Utility Theory I

  • Think animal training

    • Can't explain the goal to the animal
    • Can give 'good/bad' feedback.
  • Goal of the agent is to maximise rewards over time

    • Is this enough? Could you 'teach' Asimov's three laws with this setup?
    • What does it mean to 'maximise rewards over time'?
    • g = \sum_{t=0}^{\infty} r_t diverges
    • Limit the horizon to N steps: g = \sum_{t=\text{now}}^{\text{now} + N} r_t
    • Discount the future: g = \sum_{t=0}^{\infty} \gamma^t r_t
    • Average rewards: g = \lim_{N \rightarrow \infty} \frac{1}{N} \sum_{t=\text{now}}^{\text{now} + N} r_t or g = \lim_{\gamma \rightarrow 1} \sum_{t=0}^{\infty} \gamma^t r_t
    • gain v bias optimality
  • Given a history, (AOR)*, this allows us to get a single 'quality' number.

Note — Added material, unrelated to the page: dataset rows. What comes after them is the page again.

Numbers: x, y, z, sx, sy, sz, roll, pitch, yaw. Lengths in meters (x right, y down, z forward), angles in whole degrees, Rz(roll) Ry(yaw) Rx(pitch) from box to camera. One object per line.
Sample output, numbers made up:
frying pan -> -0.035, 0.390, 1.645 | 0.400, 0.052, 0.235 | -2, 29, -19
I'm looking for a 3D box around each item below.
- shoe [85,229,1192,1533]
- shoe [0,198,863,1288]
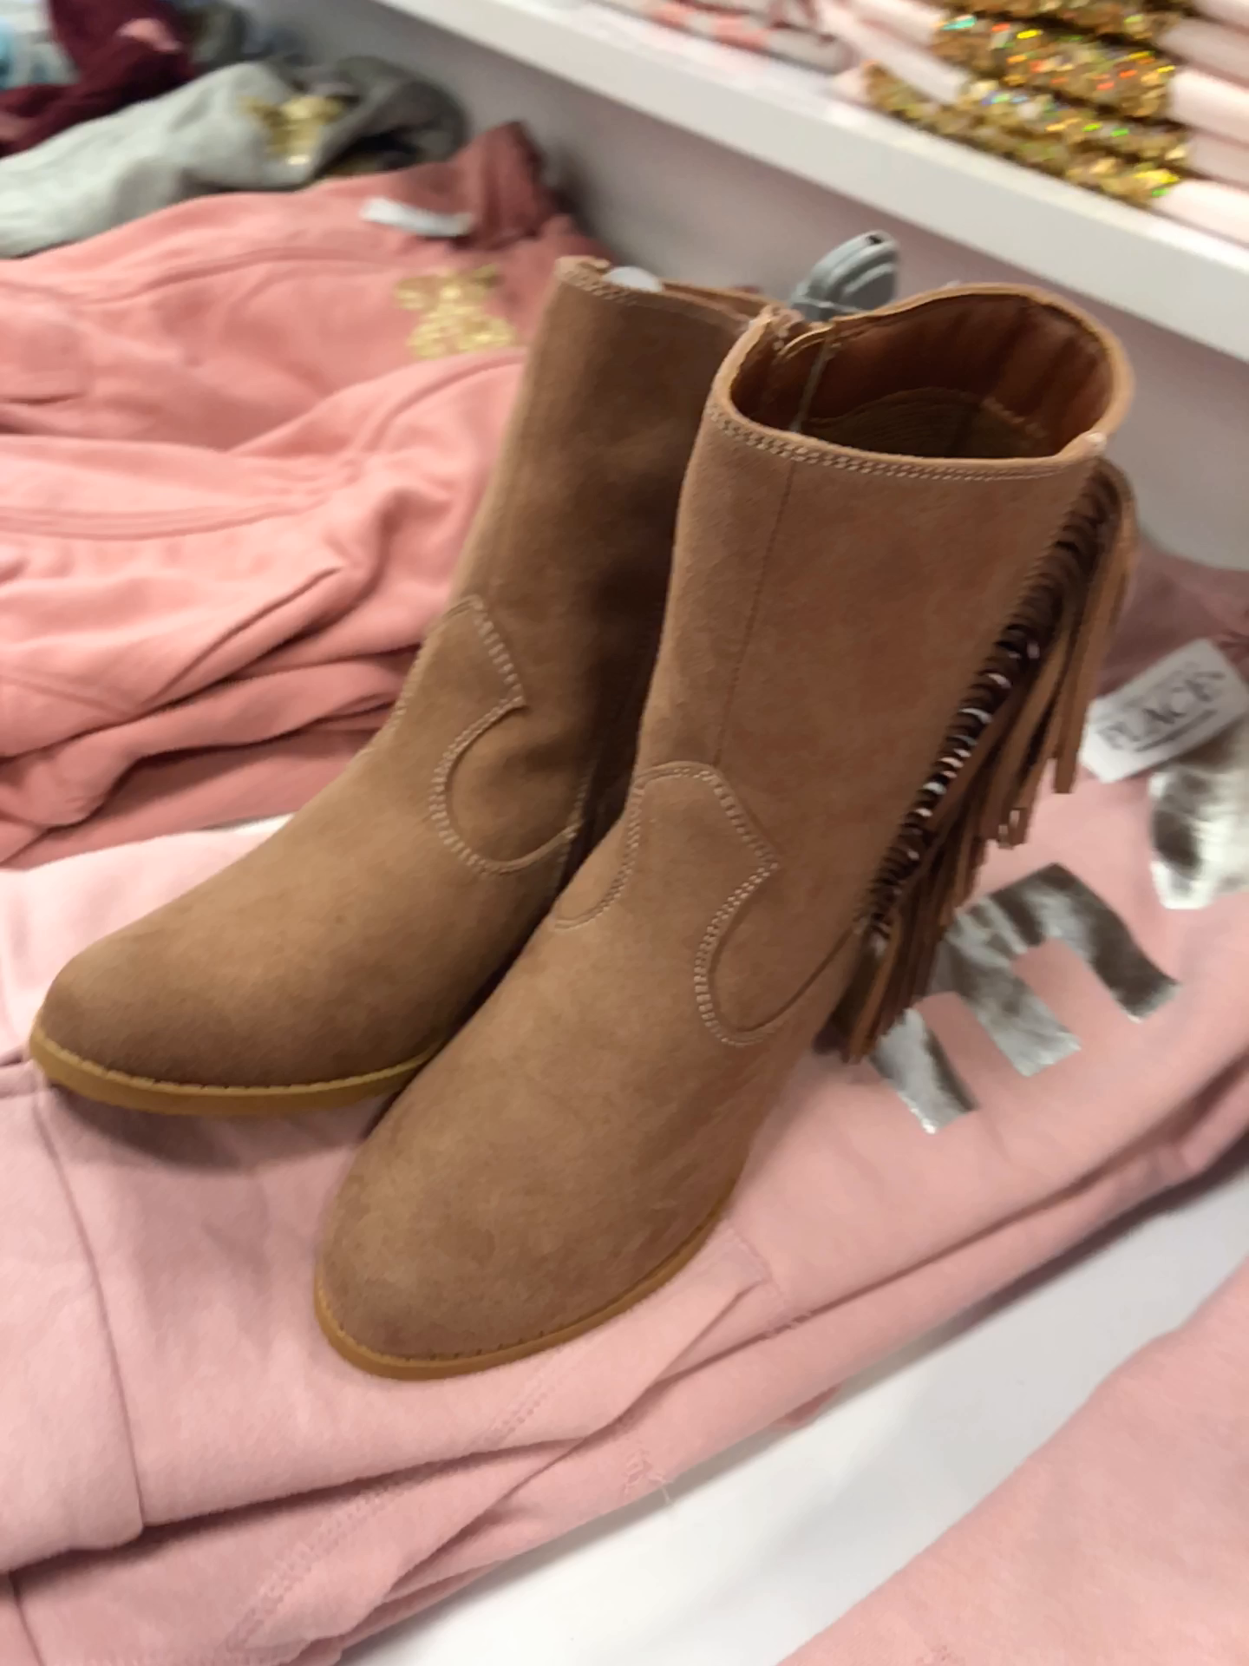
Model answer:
shoe -> 0.013, -0.004, 0.312 | 0.092, 0.199, 0.211 | 28, 42, 27
shoe -> -0.052, -0.039, 0.346 | 0.092, 0.199, 0.201 | 28, 35, 27

  • This is an uncommon 'stateless' definition. We'll revisit this with state later (don't worry now if that doesn't mean anything).

Bayesian Agents I

Combining BayesianPrediction and Utility Theory.

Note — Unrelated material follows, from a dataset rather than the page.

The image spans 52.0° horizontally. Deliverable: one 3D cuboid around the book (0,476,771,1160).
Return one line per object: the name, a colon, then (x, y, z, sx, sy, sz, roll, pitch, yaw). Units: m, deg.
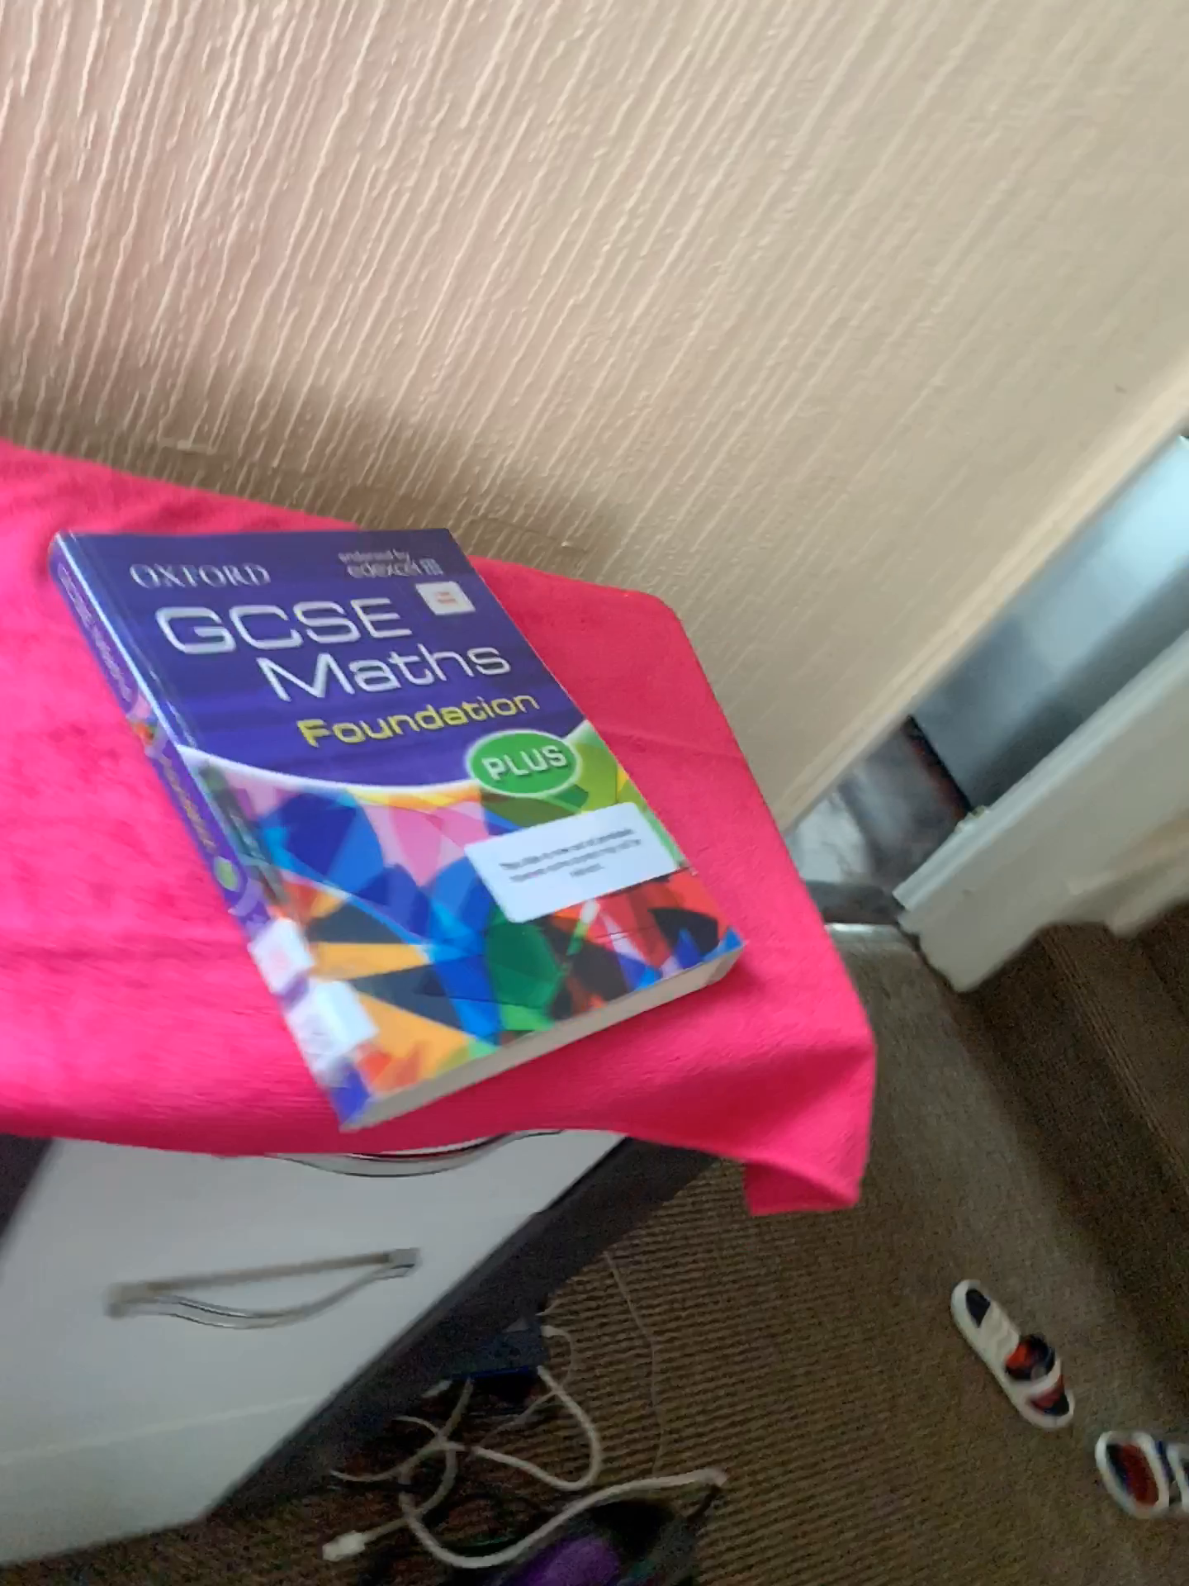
book: (-0.079, -0.018, 0.496, 0.211, 0.030, 0.281, -12, 59, -47)

  • Start with a set of models of the environment
    • Models are functions from histories to probability distributions over observations and rewards
  • At each time step

    • do a forward search
    • for observations consider each possible observation,
    • On the way down each branch do the Bayesian update as if you'd just seen that observation
    • On the way out, take a weighted average of the result by observation probability
    • rewards are similar to observations
    • for actions, consider each possible action. On the way out take the maximum.
  • We'll revisit this without the search later...